Craving the delicious flavors of an egg roll without the deep-fried wrapper? This healthy Egg Roll in a Bowl recipe is the perfect solution! It’s a low-carb, high-protein meal packed with ground meat, fresh vegetables, and all those classic egg roll flavors you love. Best of all, it’s made in one pan and ready in under 40 minutes, making it an ideal weeknight dinner or meal prep option. Say goodbye to takeout and hello to this fast, fresh, and incredibly flavorful dish!

Egg roll in a bowl with ground meat, shredded cabbage and carrots, topped with a fried egg and black sesame seeds.
A vibrant and delicious Egg Roll in a Bowl, perfect for a quick and healthy meal.

Table of Contents

  • Why You’ll Love This Egg Roll in a Bowl
  • Ingredients You’ll Need
  • How to Make Egg Roll in a Bowl: A Step-by-Step Guide
  • Flavor Variations and Customizations
  • Serving Suggestions: What to Serve With It
  • Meal Prep and Storage Tips
  • Other Low-Carb Recipes to Try
  • Full Recipe Card

Takeout-inspired dishes are always a hit. From DIY spicy chicken wontons to homemade pork potstickers, recreating your favorite Asian cuisine at home is fun and rewarding. And who can forget the ever-popular Easy Beef and Broccoli? Egg rolls are another classic, but if you’re looking for a healthier and faster alternative, this Egg Roll in a Bowl is the answer.
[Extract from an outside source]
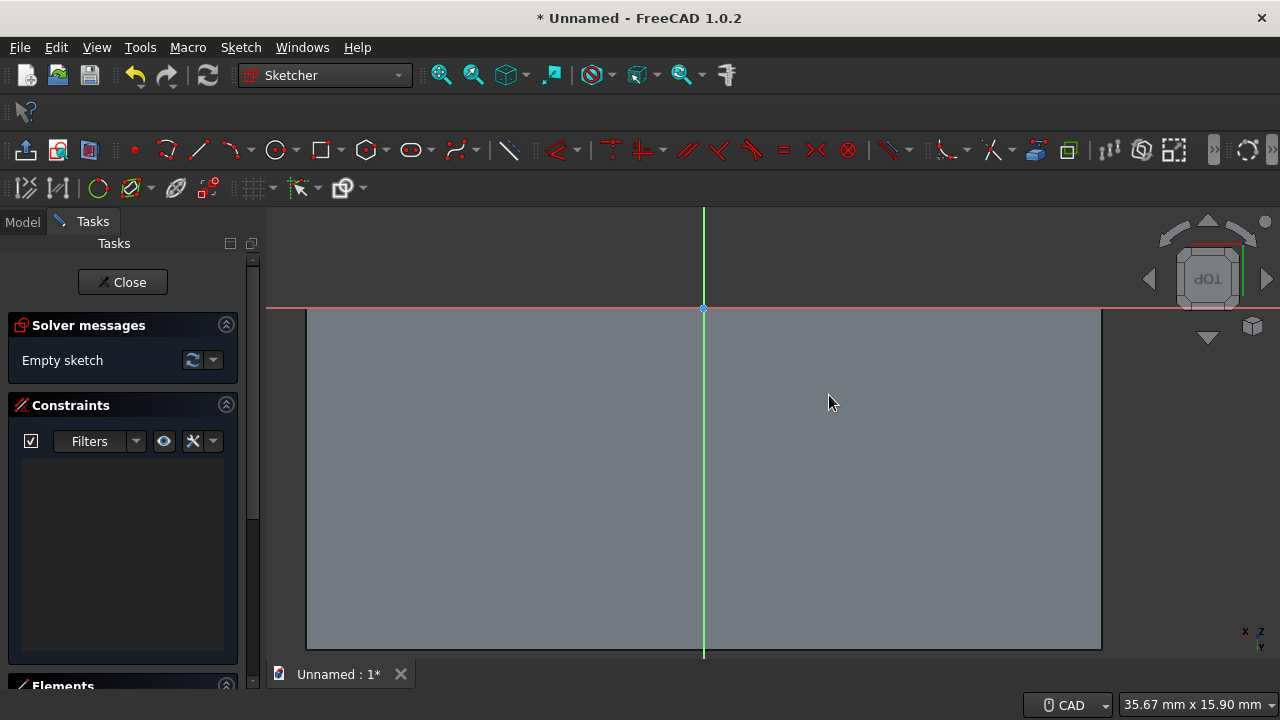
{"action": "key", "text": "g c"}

Why You’ll Love This Egg Roll in a Bowl

If you’re searching for a way to enjoy the flavors of an egg roll without the deep-frying and carb-heavy wrapper, this recipe is for you. This Healthy Egg Roll in a Bowl captures everything you love about traditional egg rolls, but it’s deconstructed into a convenient and healthy bowl.
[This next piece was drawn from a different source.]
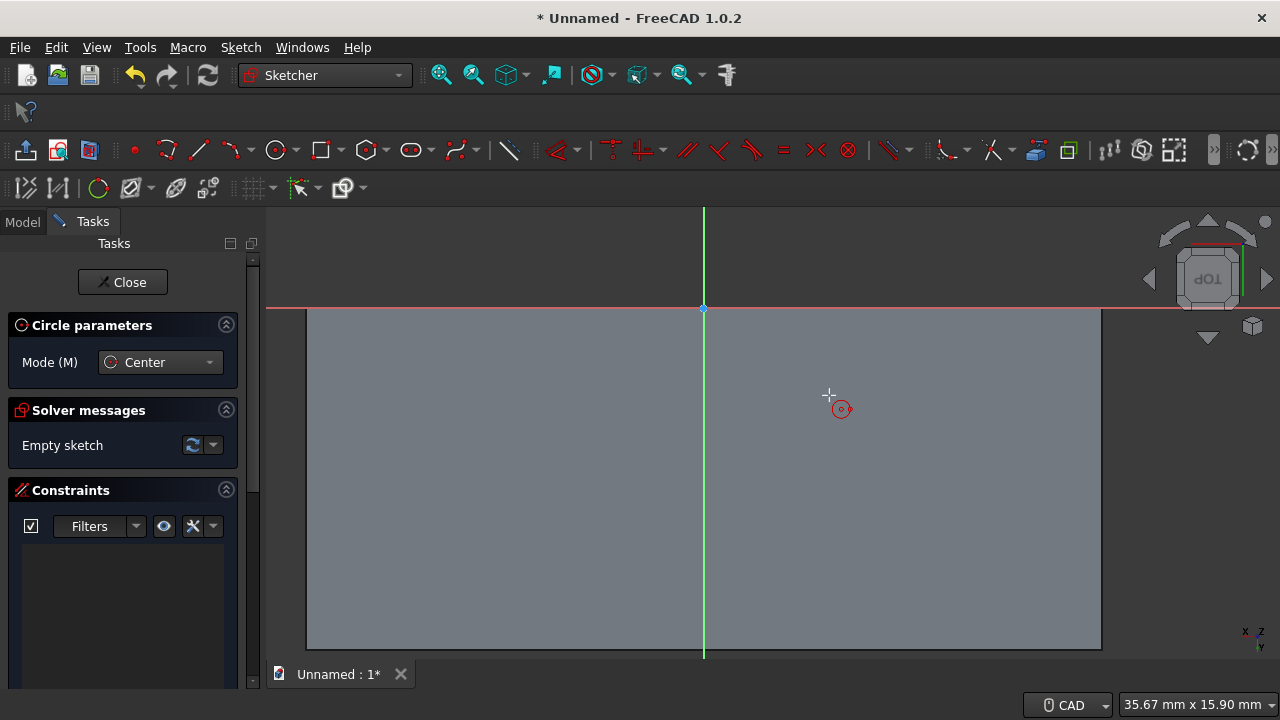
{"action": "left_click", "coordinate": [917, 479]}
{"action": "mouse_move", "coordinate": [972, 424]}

  • Quick and Easy: Ready in under 40 minutes, making it perfect for busy weeknights. No complicated techniques or hard-to-find ingredients required.
  • High in Protein: Each serving is packed with approximately 35 grams of protein, helping you feel full and satisfied.
  • Customizable: The ingredients are easily customizable to suit your preferences. Swap in your favorite vegetables and protein sources to create a dish you’ll love.
  • Healthy and Diet-Friendly: Naturally low-carb, gluten-free (with certified ingredients), and keto-friendly, making it suitable for various dietary needs.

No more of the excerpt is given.